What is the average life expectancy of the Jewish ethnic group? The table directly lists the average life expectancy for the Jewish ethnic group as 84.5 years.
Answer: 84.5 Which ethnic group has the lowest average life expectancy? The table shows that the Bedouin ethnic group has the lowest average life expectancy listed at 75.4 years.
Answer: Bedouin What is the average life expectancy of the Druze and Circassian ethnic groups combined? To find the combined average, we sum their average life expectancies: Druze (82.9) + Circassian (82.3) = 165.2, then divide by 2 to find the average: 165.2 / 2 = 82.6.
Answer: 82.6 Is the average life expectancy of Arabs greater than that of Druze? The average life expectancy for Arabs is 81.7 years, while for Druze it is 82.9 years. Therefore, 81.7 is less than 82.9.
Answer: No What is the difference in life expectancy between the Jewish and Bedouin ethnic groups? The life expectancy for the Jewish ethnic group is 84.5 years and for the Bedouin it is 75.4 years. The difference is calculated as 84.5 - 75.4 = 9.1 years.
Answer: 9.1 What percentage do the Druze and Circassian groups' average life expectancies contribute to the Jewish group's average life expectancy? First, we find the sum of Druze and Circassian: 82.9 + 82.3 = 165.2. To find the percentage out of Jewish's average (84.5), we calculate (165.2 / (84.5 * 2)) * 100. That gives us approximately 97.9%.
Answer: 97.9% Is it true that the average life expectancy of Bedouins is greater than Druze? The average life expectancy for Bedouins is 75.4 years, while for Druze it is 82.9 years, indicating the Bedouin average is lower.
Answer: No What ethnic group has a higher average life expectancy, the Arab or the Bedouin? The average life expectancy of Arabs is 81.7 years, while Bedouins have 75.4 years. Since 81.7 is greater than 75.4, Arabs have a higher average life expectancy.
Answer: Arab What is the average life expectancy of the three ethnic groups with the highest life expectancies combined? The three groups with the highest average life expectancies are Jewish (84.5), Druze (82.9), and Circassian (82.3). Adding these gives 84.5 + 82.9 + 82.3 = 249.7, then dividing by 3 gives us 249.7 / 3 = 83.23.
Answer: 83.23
+ + +
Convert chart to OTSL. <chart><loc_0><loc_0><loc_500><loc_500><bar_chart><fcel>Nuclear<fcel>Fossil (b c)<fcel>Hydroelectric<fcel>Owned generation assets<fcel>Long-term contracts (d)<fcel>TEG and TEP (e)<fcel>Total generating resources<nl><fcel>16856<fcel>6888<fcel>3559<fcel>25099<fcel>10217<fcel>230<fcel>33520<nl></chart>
+ + +
→ **YOUR GOAL**:
Given the listing, work out the number of lines in which the word "combined" is found, and supply only that number.

→ **ANSWER SECTION**:
2